We haven’t seen it used for either text generation or image generation, both of which are hot topics in AI right now. Which is very weak evidence that it’s unsuitable for that kind of task. And much stronger evidence that the authors couldn’t get it to work on this kind of task.
I wonder how much we need to worry about hybrid architectures. If LLMs do text generation well and continuous learning models do spatial reasoning well, and someone figures out an architecture that lets their strengths synergize with each other...
That is the basic idea behind Energy based transformers and test time training!
OK our intelligence is very spatial-reasoning shaped. Bio architecture can’t do language until it has many params. If it is terrible at text or image gen that isn’t evidence it won’t in fact scale to AGI and best Transformers with more compute. We simply won’t know until it is scaled up.

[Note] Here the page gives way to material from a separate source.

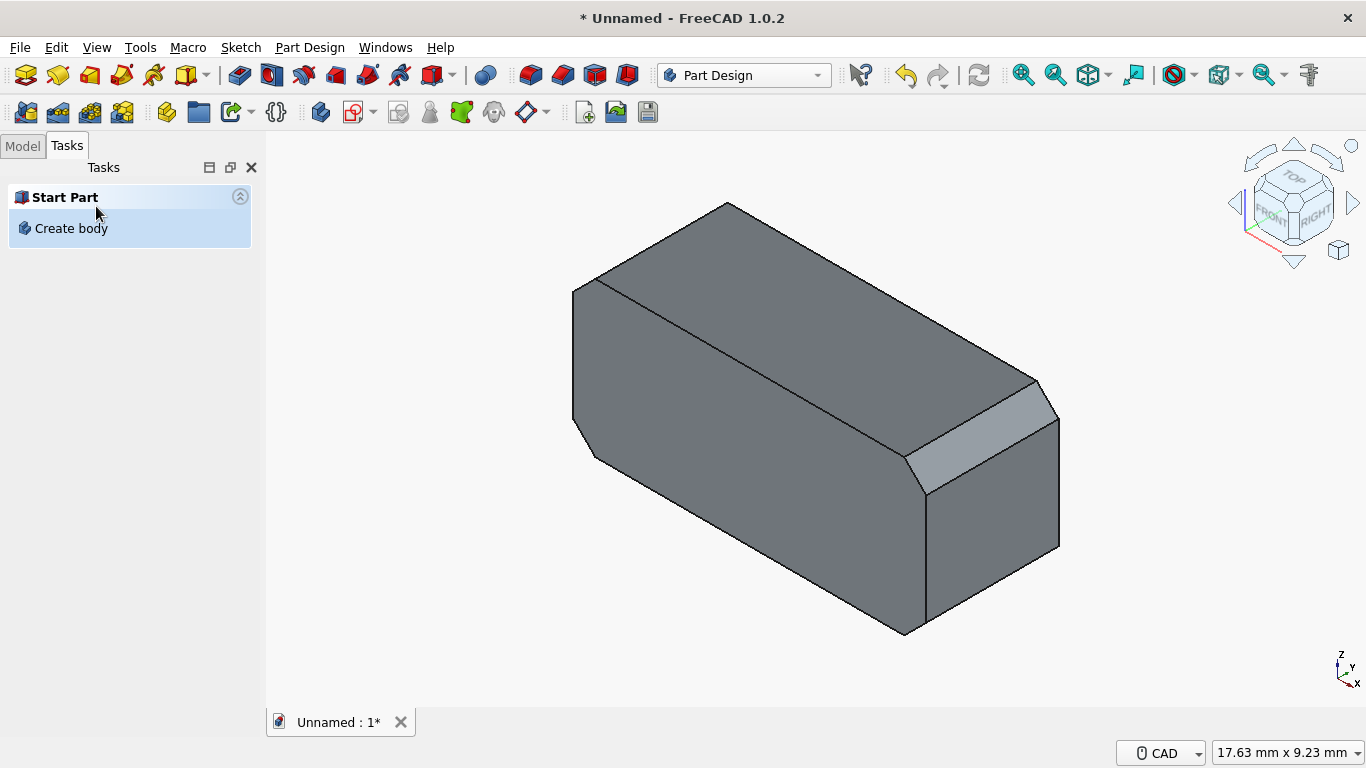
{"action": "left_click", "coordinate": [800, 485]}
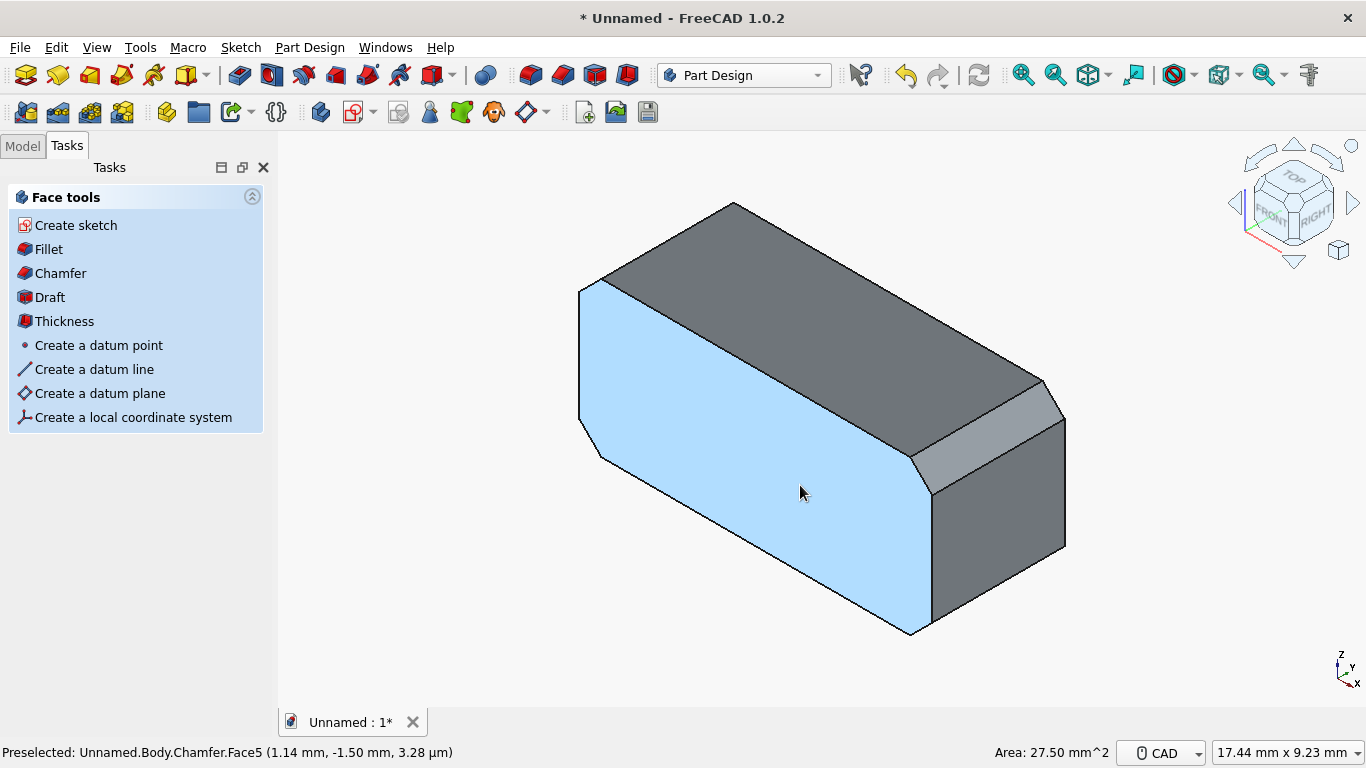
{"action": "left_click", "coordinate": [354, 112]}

Doesn’t the human brain’s structure provide something closer to an upper bound rather than a lower bound on the number of parameters required for higher reasoning?
Higher reasoning evolved in humans over a short period of time. And it is speculated that it was mostly arrived at simply by scaling up chimp brains.
This implies that our brains are very far from optimised for higher reasoning, so we should expect that to whatever extent factors other than scale can contribute to higher-reasoning ability, it is possible for brains smaller than our own to engage in higher reasoning.
The human brain should be seen as evidence that a certain scale is ~sufficient, but not that it is necessary.
The human brain is often estimated to have 10^14 synapses, which would be a 100T model, give or take. Except that individual neurons also have a bunch of internal parameters, which might complicate things.
If you told me that the human brain was massively inefficient, and that you had squeezed human level AGI into 1T parameters, I would be only mildly surprised.
For that matter, if you told me you had squeezed a weak AGI into 30B parameters, I’d be interested in the claim. Qwen3 really is surprisingly capable in that size range. If you told me 4B, I’d be very skeptical, but then again, Gemma 3n does implausibly well on my diverse private benchmarks, and it’s technically multi-modal. At the very least, I’d accept it as the premise of a science fiction horror story about tiny, unaligned AIs.
But if we drop all the way to 30 million parameters, I am profoundly suspicious of any kind of general model with language skills and reasonable world knowledge. Even if you store language and world knowledge as compressed text files, you’re going to his some pretty hard limits at that size. That’s a 60MB ZIP file or less. You’d be taking about needing only 1⁄3,000,000th of parameters of the brain. Which is a lot of orders of magnitude.
At that size, I’m assuming that any kind of genuinely interesting model would be something like AlphaGo, that demonstrates impressive knowledge and learning abilities in a very narrow domain. Which is fine! It might even be the final warning that AGI is inevitable. But I would still expect more than 6 months would be required to scale back up from such a tiny model to something with general world knowledge, language and common sense.
We can still see that a chimp scale brain with this architecture isn’t sufficient, and human-built AI architectures were also only developed over a short period of time. Backprop and large scale training in parallel for one individual might give AIs an advantage that chimp/human brains don’t have, but unclear if this overcomes the widely applicable unhobbling from the much longer efforts by evolution to build minds for efficient online learning robots.
To be clear, I don’t think that HRM with 27 million params will be natural language capable. However, if my assumptions are correct, a scaled up version of HRM should be able to attain performance similar to frontier models while learning online and being relatively much smaller in size (1-2 OOMs smaller, based on a rough hunch).